Aug. 21 – With the aim to strictly enforce the rules and regulations related to the examination and approval of employment licenses, foreigners who wish to work in Beijing are required to submit a non-criminal record certificate issued by their place of residence for the application of an employment license and expert work permit starting from July 1, 2013.
According to the Beijing Human Resource and Social Security Bureau (hereinafter referred to as the ‘Bureau’), the new rule also applies to foreign employees transferring to Beijing from other locations in China. The non-criminal record certificate submitted to the Bureau shall be one of the following:
- A non-criminal record certificate issued by the public security authorities or judicial authorities in the applicant’s place of residence (with a translation provided by a professional translation company in Beijing); or
- A non-criminal record authenticated by a Chinese Consulate.
However, the new rule does not apply to applicants holding Hong Kong, Taiwan, or Macao passports, and submission of the non-criminal record certificate is only required in applications for employment licenses and expert work permits. For other situations such as renewing or amending work permits, or changing employers within Beijing with a valid visa, such certificates are not required.

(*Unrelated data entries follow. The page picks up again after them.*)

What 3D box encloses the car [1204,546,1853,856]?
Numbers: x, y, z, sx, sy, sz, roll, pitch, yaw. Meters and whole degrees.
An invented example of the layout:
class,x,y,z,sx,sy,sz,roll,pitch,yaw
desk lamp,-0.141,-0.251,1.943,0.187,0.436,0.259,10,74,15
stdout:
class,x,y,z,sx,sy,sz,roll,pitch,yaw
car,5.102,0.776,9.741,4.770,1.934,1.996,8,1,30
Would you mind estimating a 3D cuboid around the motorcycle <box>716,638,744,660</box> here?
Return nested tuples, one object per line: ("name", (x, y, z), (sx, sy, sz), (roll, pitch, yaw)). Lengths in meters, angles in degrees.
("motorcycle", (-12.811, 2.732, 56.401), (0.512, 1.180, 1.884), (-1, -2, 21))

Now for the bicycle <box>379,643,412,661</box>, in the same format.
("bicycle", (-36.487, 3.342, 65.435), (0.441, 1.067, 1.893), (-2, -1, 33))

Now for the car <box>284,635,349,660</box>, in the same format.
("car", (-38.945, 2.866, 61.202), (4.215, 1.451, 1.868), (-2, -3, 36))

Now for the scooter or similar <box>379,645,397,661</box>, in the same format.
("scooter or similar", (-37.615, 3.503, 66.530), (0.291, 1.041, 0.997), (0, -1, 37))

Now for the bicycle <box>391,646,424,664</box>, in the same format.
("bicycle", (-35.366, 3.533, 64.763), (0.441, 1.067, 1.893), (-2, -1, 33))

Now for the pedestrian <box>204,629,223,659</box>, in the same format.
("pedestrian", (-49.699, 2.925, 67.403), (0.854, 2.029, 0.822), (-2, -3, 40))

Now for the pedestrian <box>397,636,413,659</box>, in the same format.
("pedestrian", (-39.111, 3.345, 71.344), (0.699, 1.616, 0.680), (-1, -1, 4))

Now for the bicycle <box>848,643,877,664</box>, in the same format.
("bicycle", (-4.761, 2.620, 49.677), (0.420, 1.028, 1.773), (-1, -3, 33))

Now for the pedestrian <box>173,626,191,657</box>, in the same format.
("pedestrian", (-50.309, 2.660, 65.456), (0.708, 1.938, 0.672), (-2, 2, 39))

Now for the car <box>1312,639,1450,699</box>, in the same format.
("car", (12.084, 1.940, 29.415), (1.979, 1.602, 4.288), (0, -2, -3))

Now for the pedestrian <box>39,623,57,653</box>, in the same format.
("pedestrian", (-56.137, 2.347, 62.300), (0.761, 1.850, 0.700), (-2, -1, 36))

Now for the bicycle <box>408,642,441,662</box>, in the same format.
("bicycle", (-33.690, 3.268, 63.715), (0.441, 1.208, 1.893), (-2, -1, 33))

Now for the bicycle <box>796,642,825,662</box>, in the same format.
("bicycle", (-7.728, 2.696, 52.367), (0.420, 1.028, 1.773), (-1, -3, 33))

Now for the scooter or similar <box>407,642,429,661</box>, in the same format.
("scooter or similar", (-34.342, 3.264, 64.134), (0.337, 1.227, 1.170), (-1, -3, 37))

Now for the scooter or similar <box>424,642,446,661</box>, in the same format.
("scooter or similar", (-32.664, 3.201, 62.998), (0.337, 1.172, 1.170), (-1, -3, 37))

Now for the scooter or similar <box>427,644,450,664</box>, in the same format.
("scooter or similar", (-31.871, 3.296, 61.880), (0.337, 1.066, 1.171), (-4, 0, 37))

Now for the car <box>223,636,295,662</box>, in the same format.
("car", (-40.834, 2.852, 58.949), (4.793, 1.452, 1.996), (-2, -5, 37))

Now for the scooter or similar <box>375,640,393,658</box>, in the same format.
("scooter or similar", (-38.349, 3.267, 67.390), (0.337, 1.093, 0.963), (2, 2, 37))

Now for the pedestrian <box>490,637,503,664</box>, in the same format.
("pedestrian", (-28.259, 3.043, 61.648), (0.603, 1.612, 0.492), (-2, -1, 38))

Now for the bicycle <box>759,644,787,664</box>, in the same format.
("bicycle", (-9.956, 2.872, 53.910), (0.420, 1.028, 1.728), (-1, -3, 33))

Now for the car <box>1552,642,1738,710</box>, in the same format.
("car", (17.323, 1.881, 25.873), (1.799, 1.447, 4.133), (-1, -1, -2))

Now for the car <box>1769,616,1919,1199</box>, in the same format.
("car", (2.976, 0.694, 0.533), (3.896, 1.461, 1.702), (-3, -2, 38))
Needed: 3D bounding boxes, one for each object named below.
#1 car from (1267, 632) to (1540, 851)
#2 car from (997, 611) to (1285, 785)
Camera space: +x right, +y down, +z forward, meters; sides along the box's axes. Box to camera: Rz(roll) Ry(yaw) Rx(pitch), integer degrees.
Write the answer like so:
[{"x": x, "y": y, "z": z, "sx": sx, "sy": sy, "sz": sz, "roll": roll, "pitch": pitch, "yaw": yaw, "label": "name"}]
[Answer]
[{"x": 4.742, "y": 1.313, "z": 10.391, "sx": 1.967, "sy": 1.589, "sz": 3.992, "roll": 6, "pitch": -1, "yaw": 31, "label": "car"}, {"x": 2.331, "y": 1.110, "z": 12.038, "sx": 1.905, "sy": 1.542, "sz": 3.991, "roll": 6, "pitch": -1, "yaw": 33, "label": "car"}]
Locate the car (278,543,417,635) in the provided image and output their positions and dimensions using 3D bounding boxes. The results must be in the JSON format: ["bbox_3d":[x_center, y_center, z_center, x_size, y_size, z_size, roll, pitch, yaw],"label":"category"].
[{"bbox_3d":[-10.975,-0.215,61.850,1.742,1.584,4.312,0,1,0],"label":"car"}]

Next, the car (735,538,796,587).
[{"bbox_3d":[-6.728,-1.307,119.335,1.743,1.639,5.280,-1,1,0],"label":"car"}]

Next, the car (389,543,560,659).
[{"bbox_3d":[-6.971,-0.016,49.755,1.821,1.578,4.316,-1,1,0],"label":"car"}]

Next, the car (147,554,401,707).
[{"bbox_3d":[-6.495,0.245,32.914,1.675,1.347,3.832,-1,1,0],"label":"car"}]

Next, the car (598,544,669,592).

As the time taken for issuing a non-criminal record certificate varies largely from country to country (from weeks to months), the new requirement will add to the time needed to prepare for the employment license application in Beijing. Therefore, foreign employers are advised to plan ahead and try to obtain such certificates prior to beginning the application process. However, there have been instances where the validity of non-criminal record certificates only lasts for two months from the date of issuance, so foreign employers should contact their agent ahead of time for detailed information to make sure their application and all supporting materials are submitted within the required time-frame.
Beijing is not the first city in the country to implement such requirements, and other cities such as Suzhou and Nanjing already have similar rules in place. However, as the country’s newest Exit-Entry Law does not explicitly require local governments to implement such requirements, it is not clear whether other large cities such as Shanghai, Shenzhen and Guangzhou will follow Beijing’s lead and require the submission of such certificates.